▸ EXERCISE DETAILS: From the entries below, copy exactly the lines from the one that contains "text - E così? [106, 279, 768, 307]" through the one that contains "text - E l'imperatore", both included, and only those.

▸ GIVEN RECORDS:
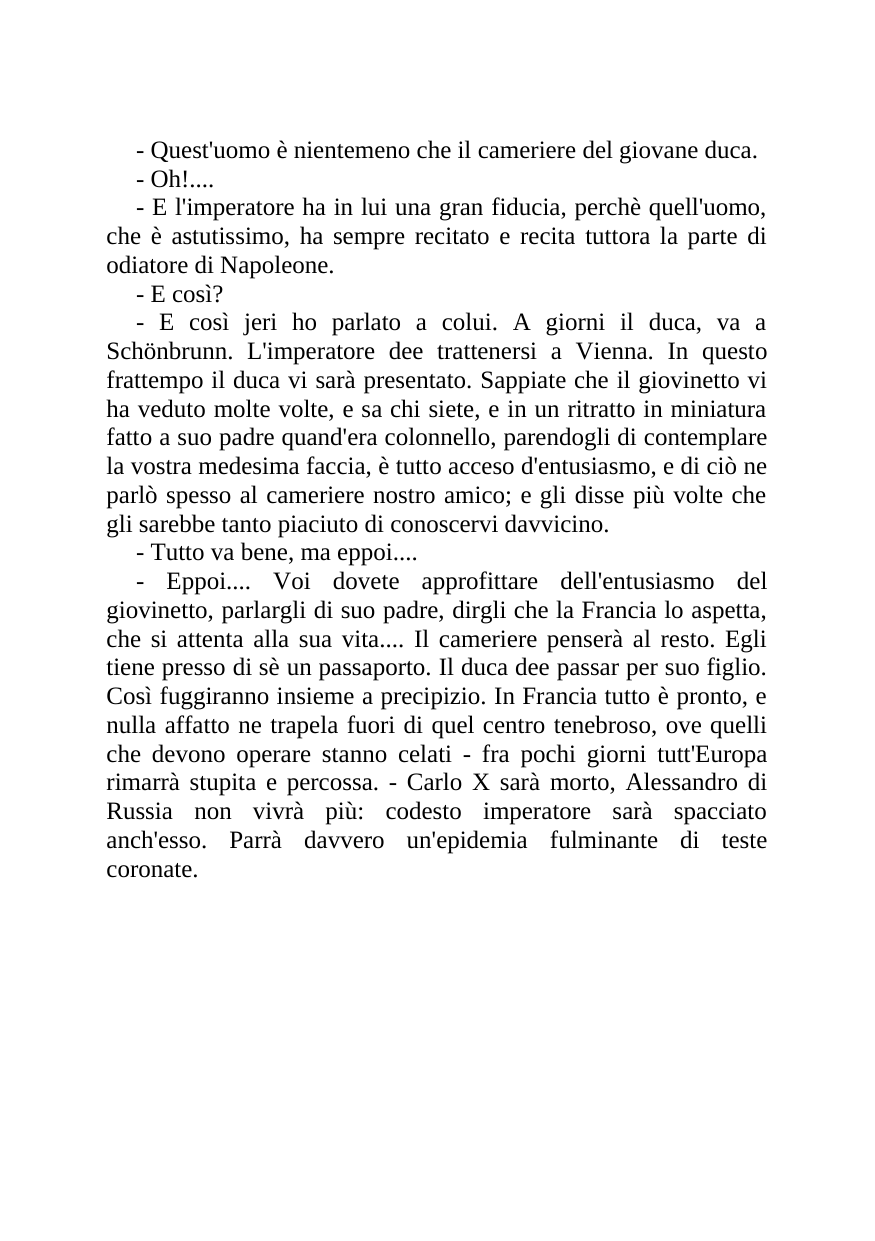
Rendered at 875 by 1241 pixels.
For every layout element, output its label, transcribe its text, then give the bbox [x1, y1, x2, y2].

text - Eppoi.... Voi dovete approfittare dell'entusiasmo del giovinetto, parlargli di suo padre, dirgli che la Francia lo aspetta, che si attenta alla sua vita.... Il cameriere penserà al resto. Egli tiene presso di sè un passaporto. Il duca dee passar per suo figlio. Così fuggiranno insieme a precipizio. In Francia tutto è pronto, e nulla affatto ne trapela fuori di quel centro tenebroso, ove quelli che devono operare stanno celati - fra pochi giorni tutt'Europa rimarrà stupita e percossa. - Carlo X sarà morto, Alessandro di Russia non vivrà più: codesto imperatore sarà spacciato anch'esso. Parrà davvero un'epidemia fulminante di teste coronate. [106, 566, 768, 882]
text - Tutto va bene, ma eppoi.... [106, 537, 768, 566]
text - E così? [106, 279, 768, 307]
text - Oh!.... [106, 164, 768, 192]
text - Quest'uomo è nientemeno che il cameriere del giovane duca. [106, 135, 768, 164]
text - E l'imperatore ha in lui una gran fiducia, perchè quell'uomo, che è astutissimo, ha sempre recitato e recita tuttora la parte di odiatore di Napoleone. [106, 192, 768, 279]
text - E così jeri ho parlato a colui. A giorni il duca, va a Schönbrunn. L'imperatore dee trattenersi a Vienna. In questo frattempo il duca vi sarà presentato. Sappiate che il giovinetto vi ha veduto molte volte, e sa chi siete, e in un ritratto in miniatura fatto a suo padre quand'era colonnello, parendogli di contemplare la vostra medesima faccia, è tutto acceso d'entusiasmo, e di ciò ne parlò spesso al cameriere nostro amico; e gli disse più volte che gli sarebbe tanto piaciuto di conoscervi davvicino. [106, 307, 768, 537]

▸ TASK OUTPUT:
text - E così? [106, 279, 768, 307]
text - Oh!.... [106, 164, 768, 192]
text - Quest'uomo è nientemeno che il cameriere del giovane duca. [106, 135, 768, 164]
text - E l'imperatore ha in lui una gran fiducia, perchè quell'uomo, che è astutissimo, ha sempre recitato e recita tuttora la parte di odiatore di Napoleone. [106, 192, 768, 279]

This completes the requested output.